まずはなんといってもこれですね。 Three.js の作者である Mr.doob 氏をはじめとする Google Data Arts Team が公開したデモです。イラストと 3D モデルを融合した映像、マウスで映像に変化を与えたりルートを変えたりできるインタラクティブ性が素晴らしい。ブロックを組み立てて最後のシーンに出てくるモデルを作成することもできたりします。ソースもこちらのページで周辺ツールや技術デモなどと一緒に公開されています。ちなみに BGM はローマというアルバムの 10 曲目にある「ブラック」で、ボーカルはノラ・ジョーンズだそうです。
LiteWerx というチームが TRSAC 2011 というイベントで発表したデモです。まあ当然ですが、そのイベントで唯一の WebGL を使ったデモだったようですね(他は Windows とか、 Amiga もあったみたい)。重厚なサウンドに乗せて、迫力のある映像が展開されます。ちなみに、下にある「Microsocopix」というデモも同じチームの作です。

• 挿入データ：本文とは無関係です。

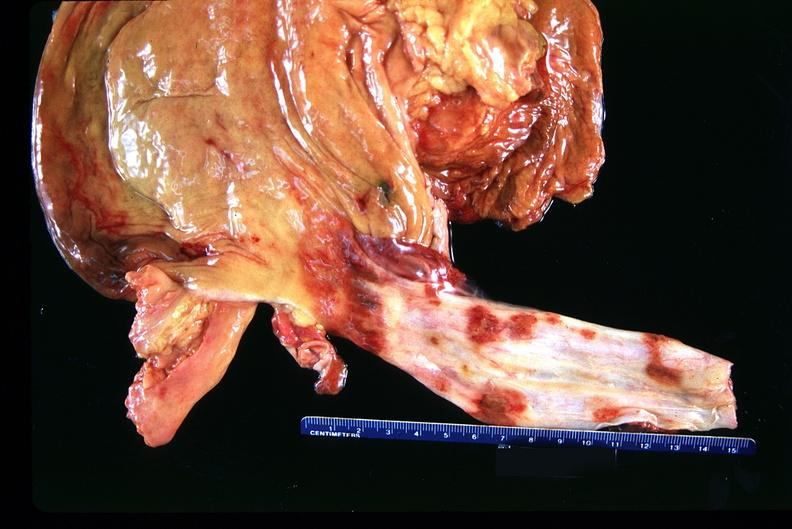where does this belong to?
Answer the question using a single word or phrase. Gastrointestinal system 
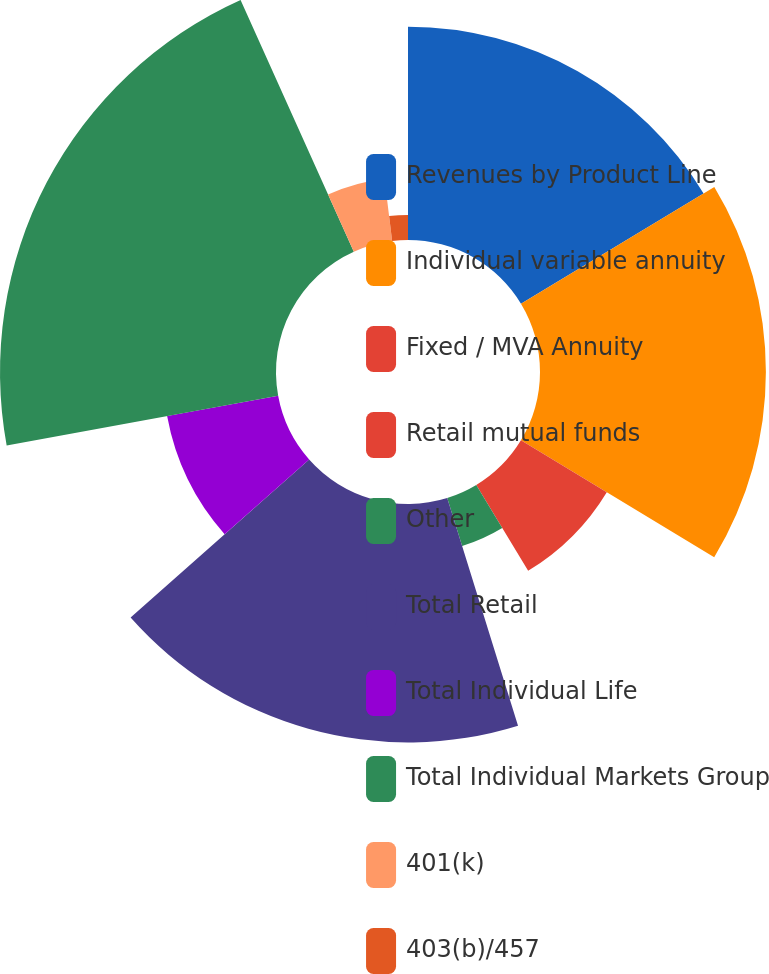Convert chart. <chart><loc_0><loc_0><loc_500><loc_500><pie_chart><fcel>Revenues by Product Line<fcel>Individual variable annuity<fcel>Fixed / MVA Annuity<fcel>Retail mutual funds<fcel>Other<fcel>Total Retail<fcel>Total Individual Life<fcel>Total Individual Markets Group<fcel>401(k)<fcel>403(b)/457<nl><fcel>16.35%<fcel>17.31%<fcel>0.0%<fcel>7.69%<fcel>3.85%<fcel>18.27%<fcel>8.65%<fcel>21.15%<fcel>4.81%<fcel>1.92%<nl></chart> 
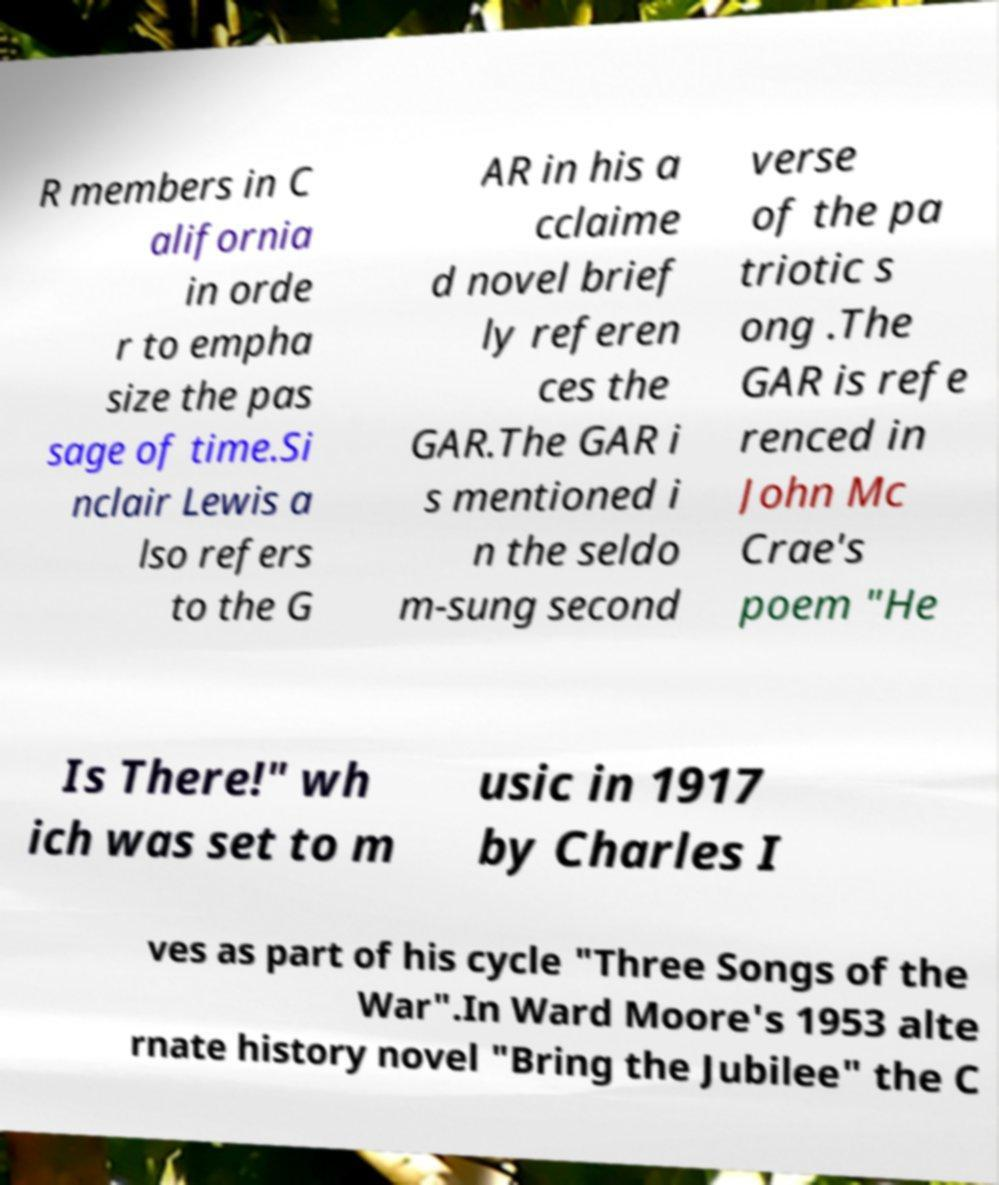Can you read and provide the text displayed in the image?This photo seems to have some interesting text. Can you extract and type it out for me? R members in C alifornia in orde r to empha size the pas sage of time.Si nclair Lewis a lso refers to the G AR in his a cclaime d novel brief ly referen ces the GAR.The GAR i s mentioned i n the seldo m-sung second verse of the pa triotic s ong .The GAR is refe renced in John Mc Crae's poem "He Is There!" wh ich was set to m usic in 1917 by Charles I ves as part of his cycle "Three Songs of the War".In Ward Moore's 1953 alte rnate history novel "Bring the Jubilee" the C 
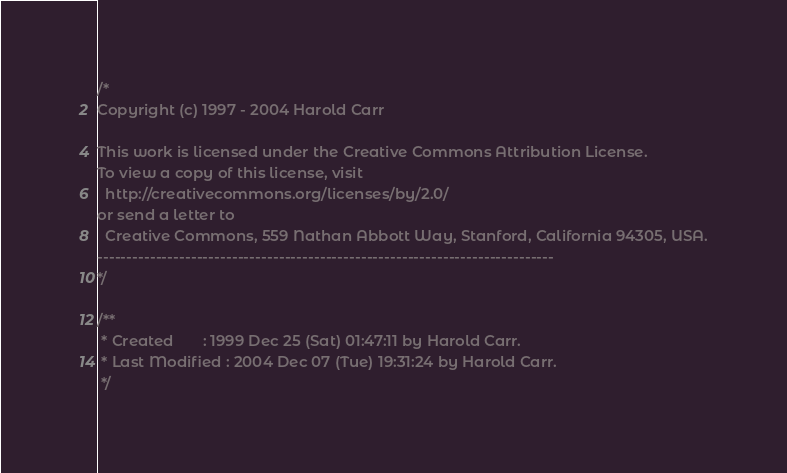<code> <loc_0><loc_0><loc_500><loc_500><_Java_>/*
Copyright (c) 1997 - 2004 Harold Carr

This work is licensed under the Creative Commons Attribution License.
To view a copy of this license, visit 
  http://creativecommons.org/licenses/by/2.0/
or send a letter to
  Creative Commons, 559 Nathan Abbott Way, Stanford, California 94305, USA.
------------------------------------------------------------------------------
*/

/**
 * Created       : 1999 Dec 25 (Sat) 01:47:11 by Harold Carr.
 * Last Modified : 2004 Dec 07 (Tue) 19:31:24 by Harold Carr.
 */
</code> 
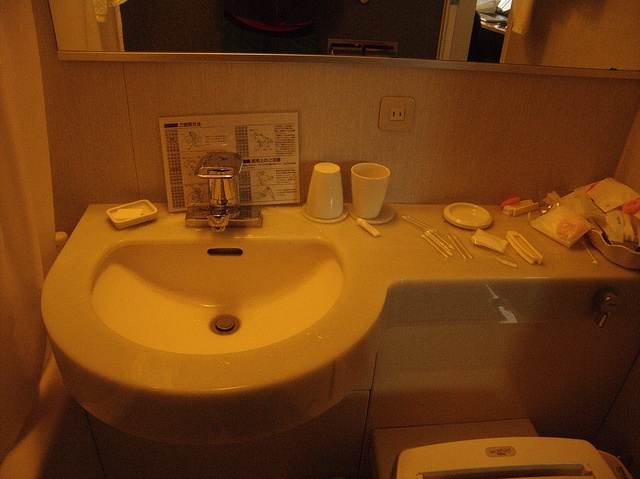Describe the objects in this image and their specific colors. I can see sink in maroon, red, and orange tones, toilet in maroon, brown, and black tones, cup in maroon, olive, orange, and gray tones, and cup in maroon, olive, and orange tones in this image. 
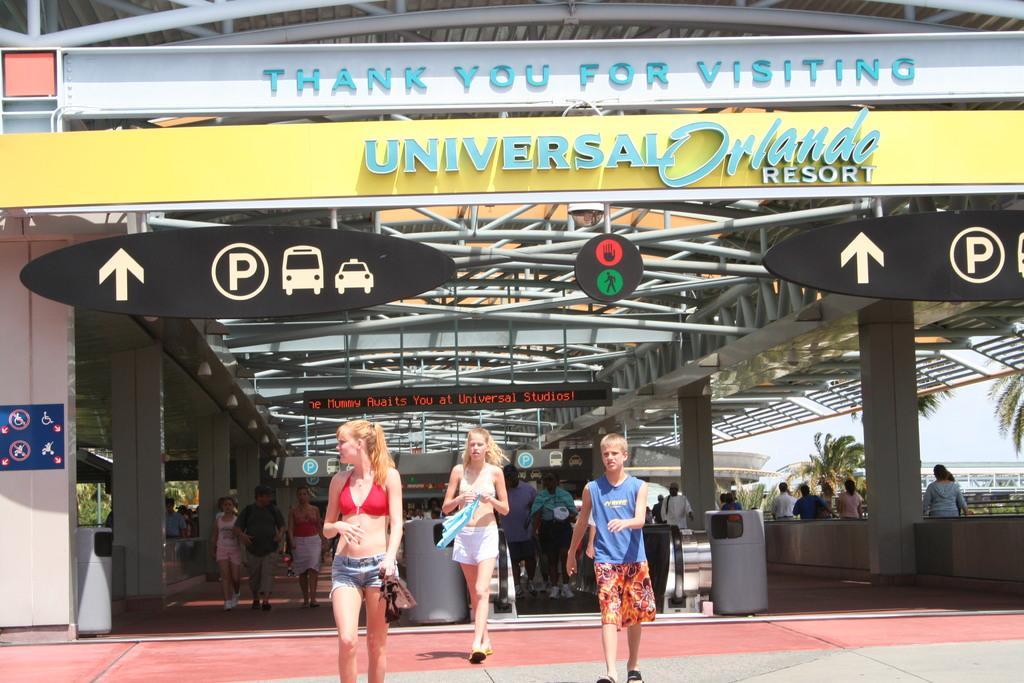Can you describe this image briefly? In this picture we can see some people are walking on the floor, direction boards, name boards, pillars, rods, some objects and in the background we can see trees and the sky.

DemoJS というフランスで開催されたイベントの宣伝用 (?) のデモみたいです。それほど長いデモではありませんが、すべてパーティクルを使って表現されているのが面白いです。
他のデモは画像でご紹介。
技術デモ
単体の技術についてのデモを集めました。技術の参考という意味では、長編デモよりも役立つかもしれません。
マウスで本をめくるような動きを表現したデモです。実験的な UI として、とてもおもしろいと思います。近い将来に CSS Shaders とかが使えるようになれば、普通の Web ページをこんなふうにページめくりすることができるようになるかもしれません。
ちょっとメガデモっぽいですが一応こちらに。 Multi Device Labs という会社の 2012 年の年賀ページで、Kinect で取り込んだっぽい人の奥行モデルが踊りながら A HAPPY NEW YEAR の文字を掲げます。おそらく Mr.doob 氏のこちらのデモを参考にしたものではないかと思いますが、見せ方がとても上手いですね。
EVE ONLINE というゲームのメカを表示するモデルビュアーです。とてもたくさんのモデルがあり、どれもかなりよくできています。メカもののモデルを作るときの参考にどうぞ。
他の HTML5 系の技術や Web API との組み合わせ
WebGL と他の HTML5 系の API や Web API を組み合わせたデモを集めてみました。このように複数の API を組み合わせることで、可能性が大きく広がりますね。
Google が公開した、銀河系を探索するアプリケーションです。 CSS 3D Transform を使って文字などを表示しているそうで、仕組みは HTML5 Rocks で解説されています。 WebGL と CSS 3D Transform の変換を同期させる方法は、 WebGL の欠点である文字表示や HTML コンテンツの表示を補える、とても実用的なテクニックだと思います。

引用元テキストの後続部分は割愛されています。